Massenklage
Chinesen wollen HP zu Notebook-Rückruf zwingen
Hewlett-Packard sieht sich in China einer Massenklage ausgesetzt. 170 Kunden fordern, dass der US-Konzern einen Rückruf für seine Notebooks startet. Angeblich gibt es Hitzeprobleme und defekte Bildschirme. Pikant: Die chinesischen Kunden fühlen sich gegenüber Verbrauchern aus den USA diskriminiert.
Chinesische Computerkäufer gehen wegen Qualitätsmängeln auf die Barrikaden. Mehr als 170 Kunden im größten Markt der Erde gingen gemeinsam gegen den US-Konzern Hewlett-Packard vor, schreibt die "Financial Times" unter Berufung auf eine Klageschrift.

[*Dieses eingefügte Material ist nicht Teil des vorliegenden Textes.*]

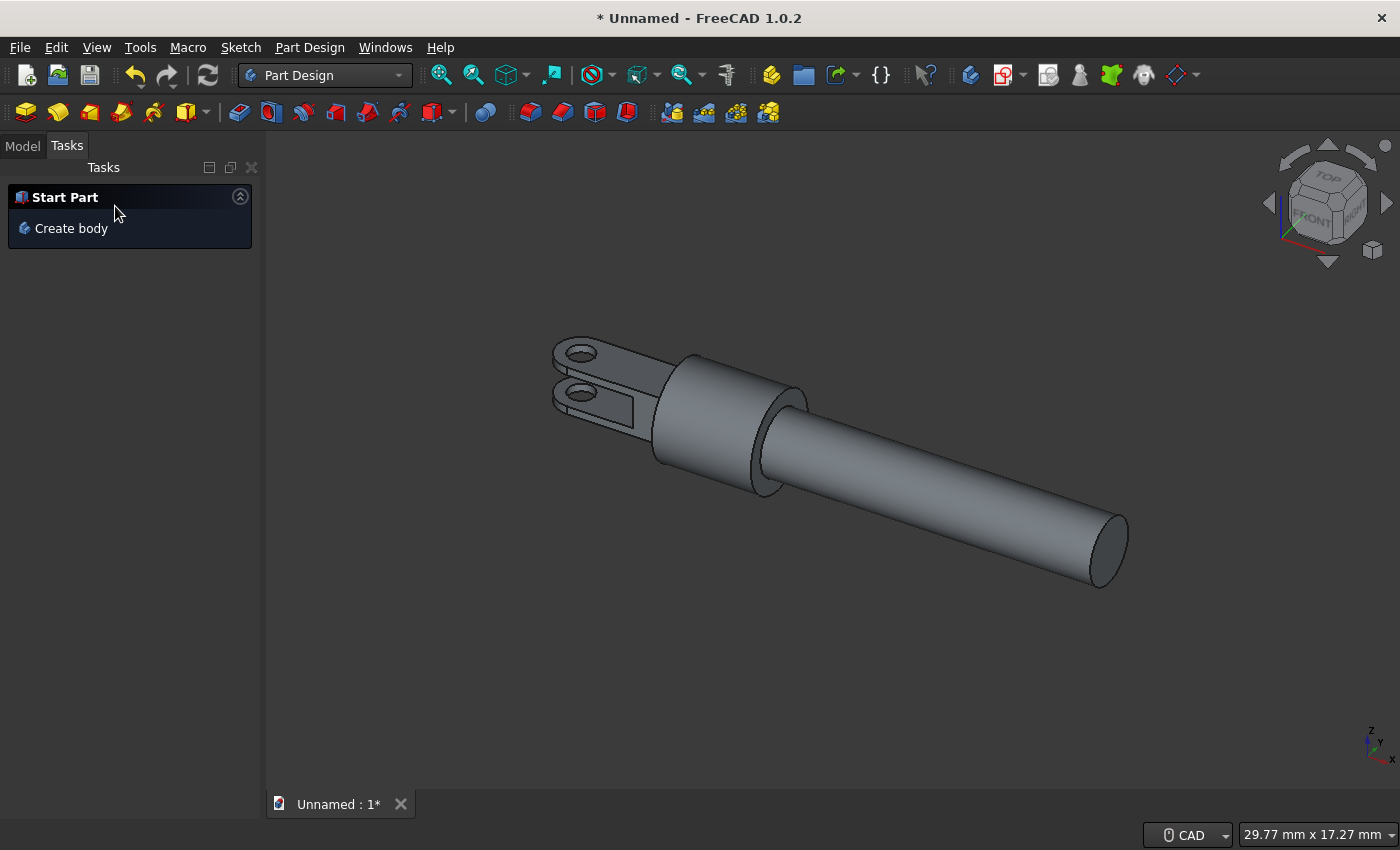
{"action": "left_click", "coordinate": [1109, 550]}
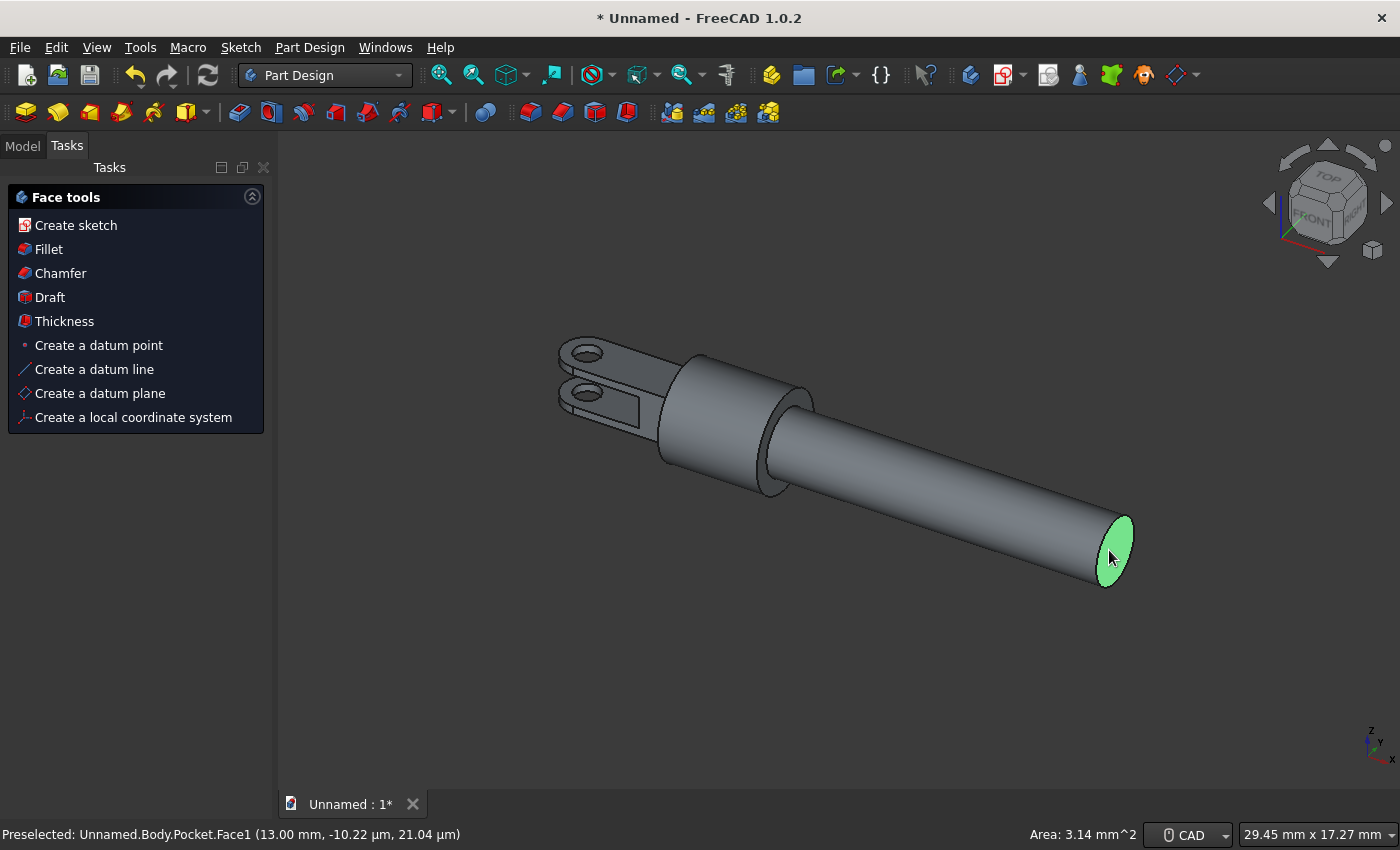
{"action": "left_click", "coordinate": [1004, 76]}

Sie wollen erzwingen, dass die chinesische Regierung einen Rückruf veranlasst. Die Käufer sind zutiefst verärgert über Defekte an ihren Notebooks. Es ist das erste Mal, dass der weltgrößte Computerhersteller einem derart massiven Proteststurm aus dem Reich der Mitte gegenübersteht. Die Zeitung wertet dies als Indiz dafür, dass sich die chinesischen Kunden emanzipiert haben und immer stärker bereit sind, für ihre Rechte zu kämpfen.
Im konkreten Fall beklagen sich die HP-Kunden darüber, dass die Bildschirme häufig nicht richtig funktionieren und die Notebooks überhitzen. Es handelt sich um Modelle, die der amerikanische Konzern seit 2007 verkauft. Nach einer Studie des US-Versicherers SquareTrade von Ende 2009 baut HP die unzuverlässigsten Laptops aller großen Hersteller.
Laut chinesischer Klageschrift liegt die Ursache der Probleme in defekten Grafikkarten von Nvidia. Dies habe der Zulieferer auch zugegeben. HP habe daraufhin in den USA die Garantiezeit verlängert, nicht aber in China. "Das diskriminiert die chinesischen Konsumenten", zitiert die "Financial Times" aus der Eingabe an die staatliche Aufsichtsbehörde AQSIQ.